• _What is required_
Restate the records in full and exactly, with no images included.

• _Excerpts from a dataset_
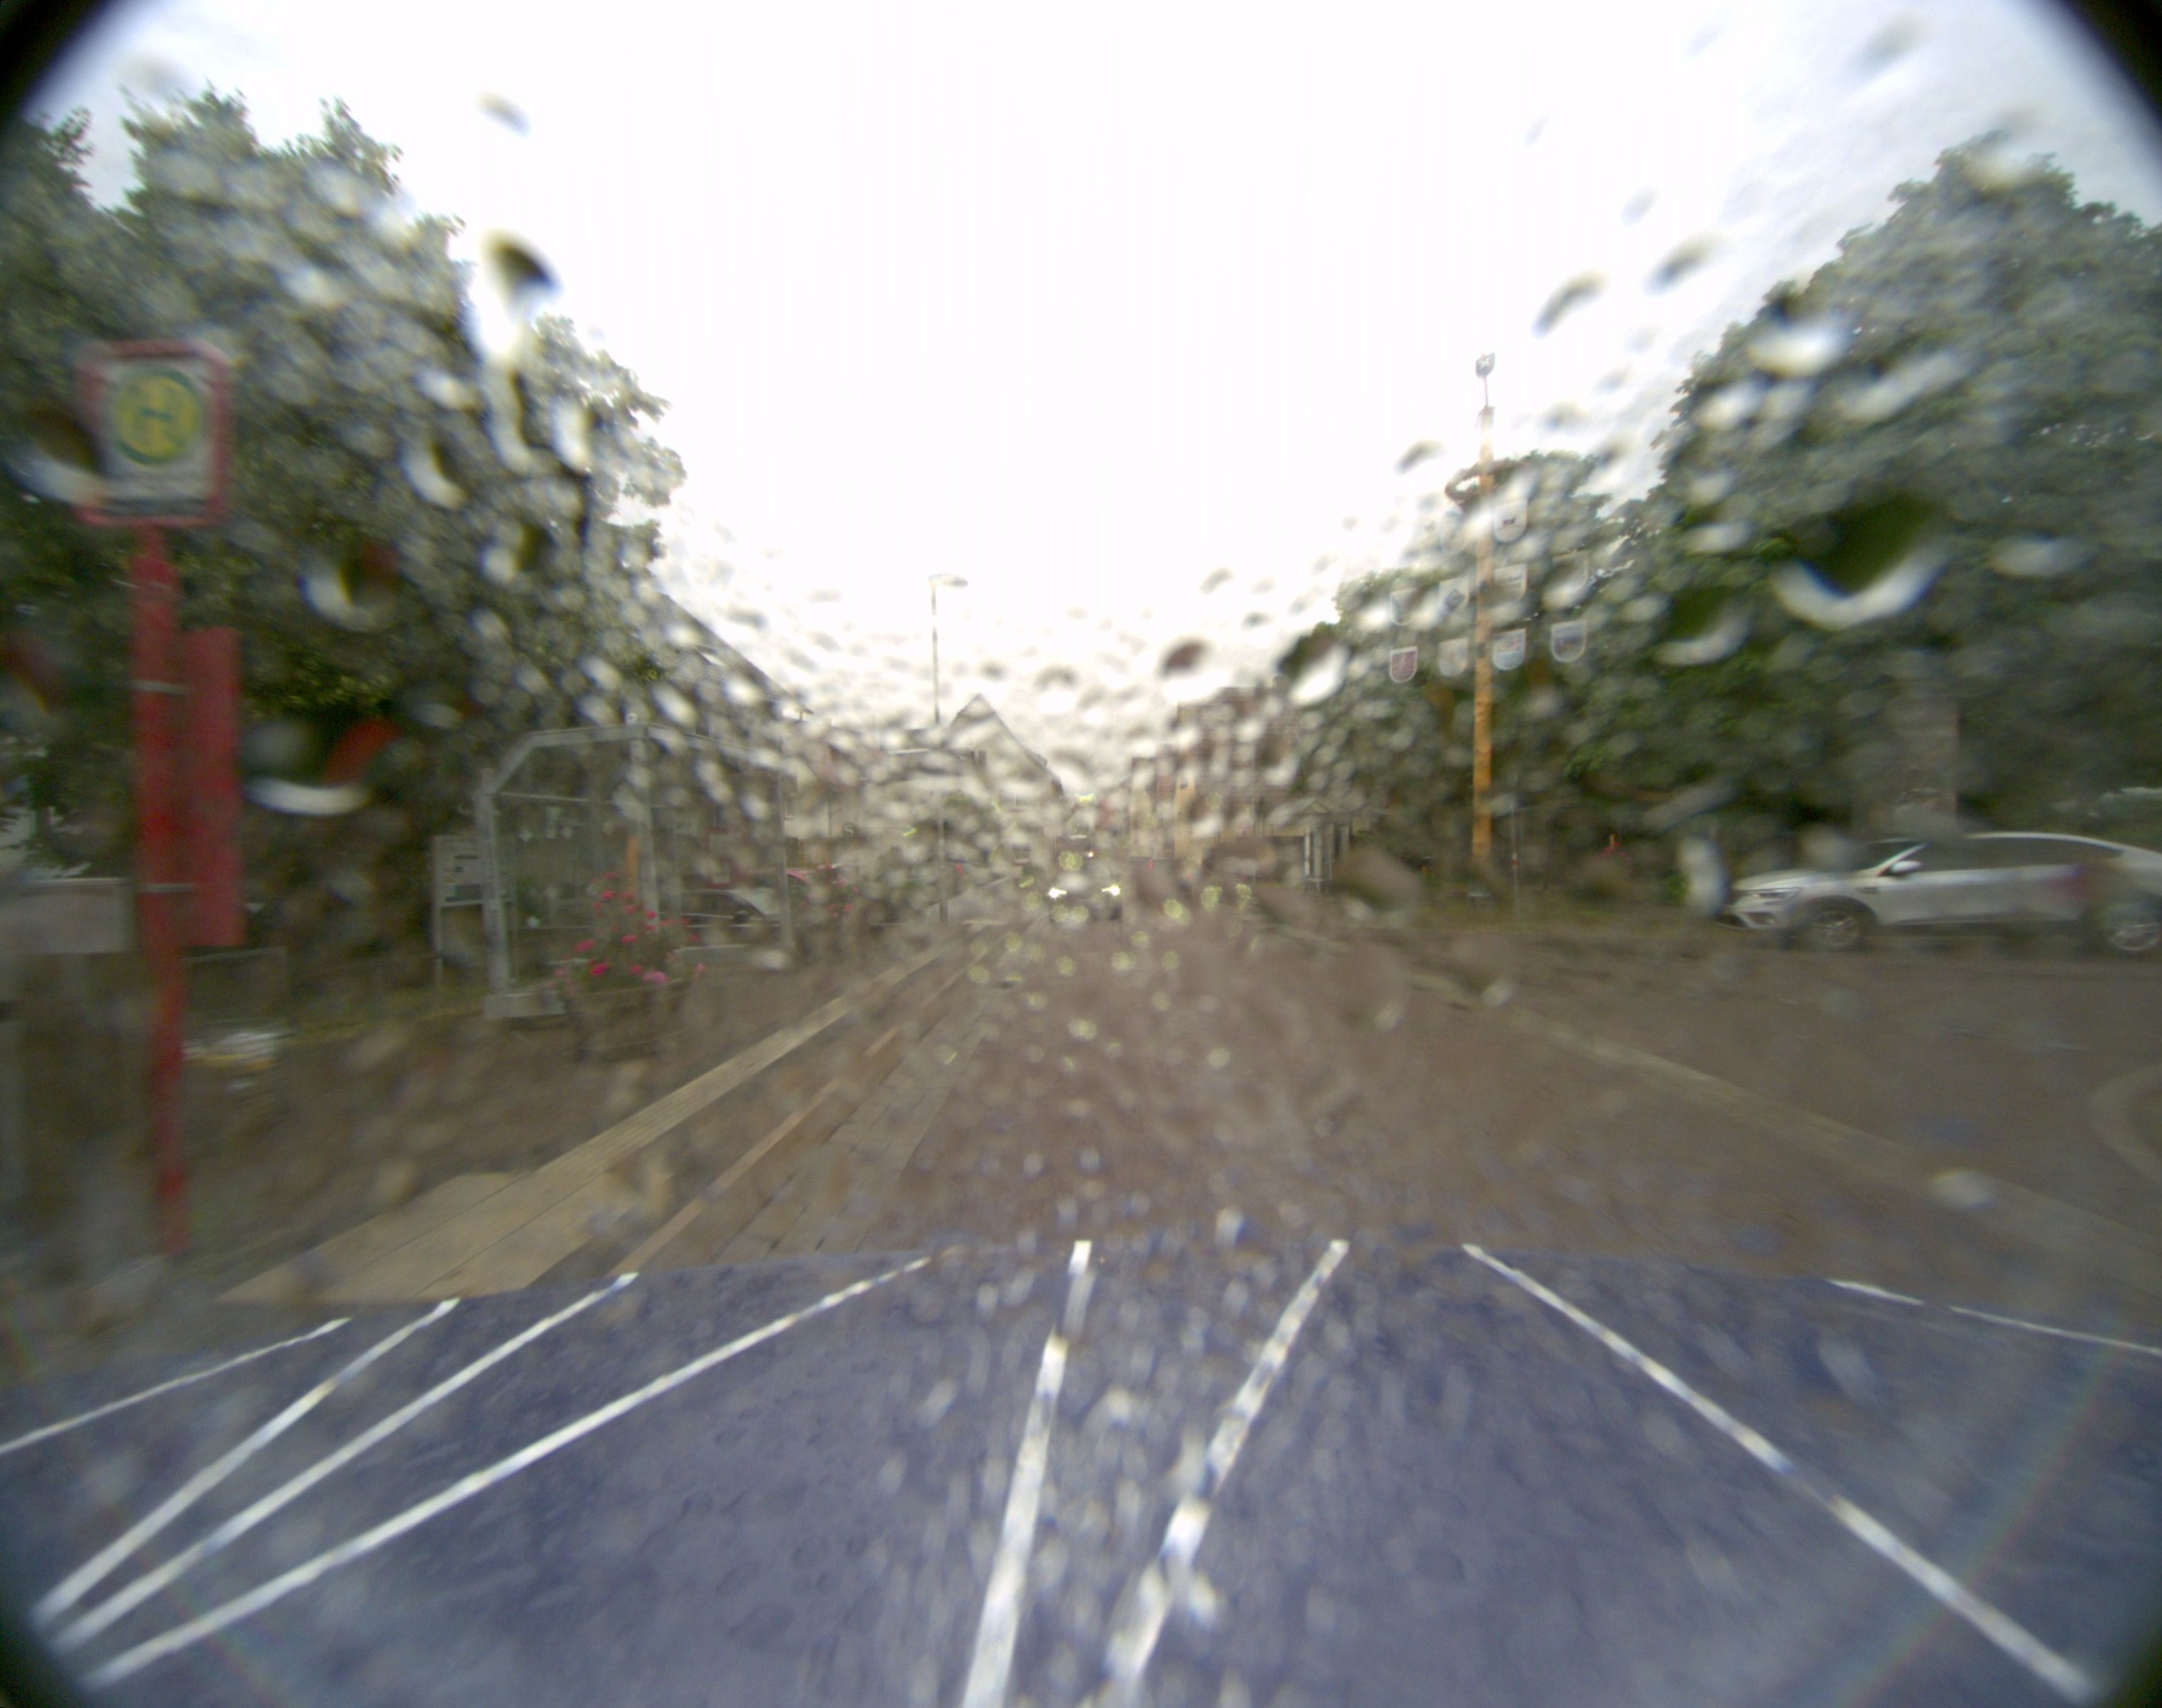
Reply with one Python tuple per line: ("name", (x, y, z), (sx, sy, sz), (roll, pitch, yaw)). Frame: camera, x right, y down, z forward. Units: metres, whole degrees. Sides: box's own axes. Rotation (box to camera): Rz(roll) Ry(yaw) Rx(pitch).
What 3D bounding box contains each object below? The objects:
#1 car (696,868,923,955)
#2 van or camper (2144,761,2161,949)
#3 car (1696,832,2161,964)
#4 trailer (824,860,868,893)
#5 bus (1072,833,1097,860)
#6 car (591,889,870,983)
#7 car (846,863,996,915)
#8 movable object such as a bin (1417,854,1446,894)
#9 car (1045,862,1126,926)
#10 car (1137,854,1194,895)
("car", (-5.605, 1.142, 15.816), (4.073, 1.580, 1.859), (-1, 1, 15))
("van or camper", (16.378, -0.011, 7.896), (5.863, 2.460, 2.158), (-1, 2, 26))
("car", (11.550, 0.560, 10.436), (4.450, 1.541, 1.885), (-2, 0, 22))
("trailer", (-13.315, 1.269, 43.153), (1.572, 1.731, 2.610), (-2, 0, 0))
("bus", (0.457, -1.249, 109.984), (2.893, 3.590, 11.972), (-1, 2, -3))
("car", (-5.847, 1.328, 12.892), (3.958, 1.370, 1.753), (-1, 0, 9))
("car", (-4.954, 1.083, 23.649), (4.233, 1.472, 1.697), (-1, 1, 16))
("movable object such as a bin", (10.352, 0.594, 22.439), (0.563, 1.140, 0.604), (-1, 3, -1))
("car", (0.178, 0.936, 19.439), (1.800, 1.342, 3.738), (-2, 0, 2))
("car", (3.161, 0.739, 29.140), (1.848, 1.468, 4.315), (0, 0, 2))

• _Response for this exercise_
Reply with one Python tuple per line: ("name", (x, y, z), (sx, sy, sz), (roll, pitch, yaw)). Frame: camera, x right, y down, z forward. Units: metres, whole degrees. Sides: box's own axes. Rotation (box to camera): Rz(roll) Ry(yaw) Rx(pitch).
What 3D bounding box contains each object below? The objects:
#1 car (696,868,923,955)
#2 van or camper (2144,761,2161,949)
#3 car (1696,832,2161,964)
#4 trailer (824,860,868,893)
#5 bus (1072,833,1097,860)
#6 car (591,889,870,983)
#7 car (846,863,996,915)
#8 movable object such as a bin (1417,854,1446,894)
#9 car (1045,862,1126,926)
#10 car (1137,854,1194,895)
("car", (-5.605, 1.142, 15.816), (4.073, 1.580, 1.859), (-1, 1, 15))
("van or camper", (16.378, -0.011, 7.896), (5.863, 2.460, 2.158), (-1, 2, 26))
("car", (11.550, 0.560, 10.436), (4.450, 1.541, 1.885), (-2, 0, 22))
("trailer", (-13.315, 1.269, 43.153), (1.572, 1.731, 2.610), (-2, 0, 0))
("bus", (0.457, -1.249, 109.984), (2.893, 3.590, 11.972), (-1, 2, -3))
("car", (-5.847, 1.328, 12.892), (3.958, 1.370, 1.753), (-1, 0, 9))
("car", (-4.954, 1.083, 23.649), (4.233, 1.472, 1.697), (-1, 1, 16))
("movable object such as a bin", (10.352, 0.594, 22.439), (0.563, 1.140, 0.604), (-1, 3, -1))
("car", (0.178, 0.936, 19.439), (1.800, 1.342, 3.738), (-2, 0, 2))
("car", (3.161, 0.739, 29.140), (1.848, 1.468, 4.315), (0, 0, 2))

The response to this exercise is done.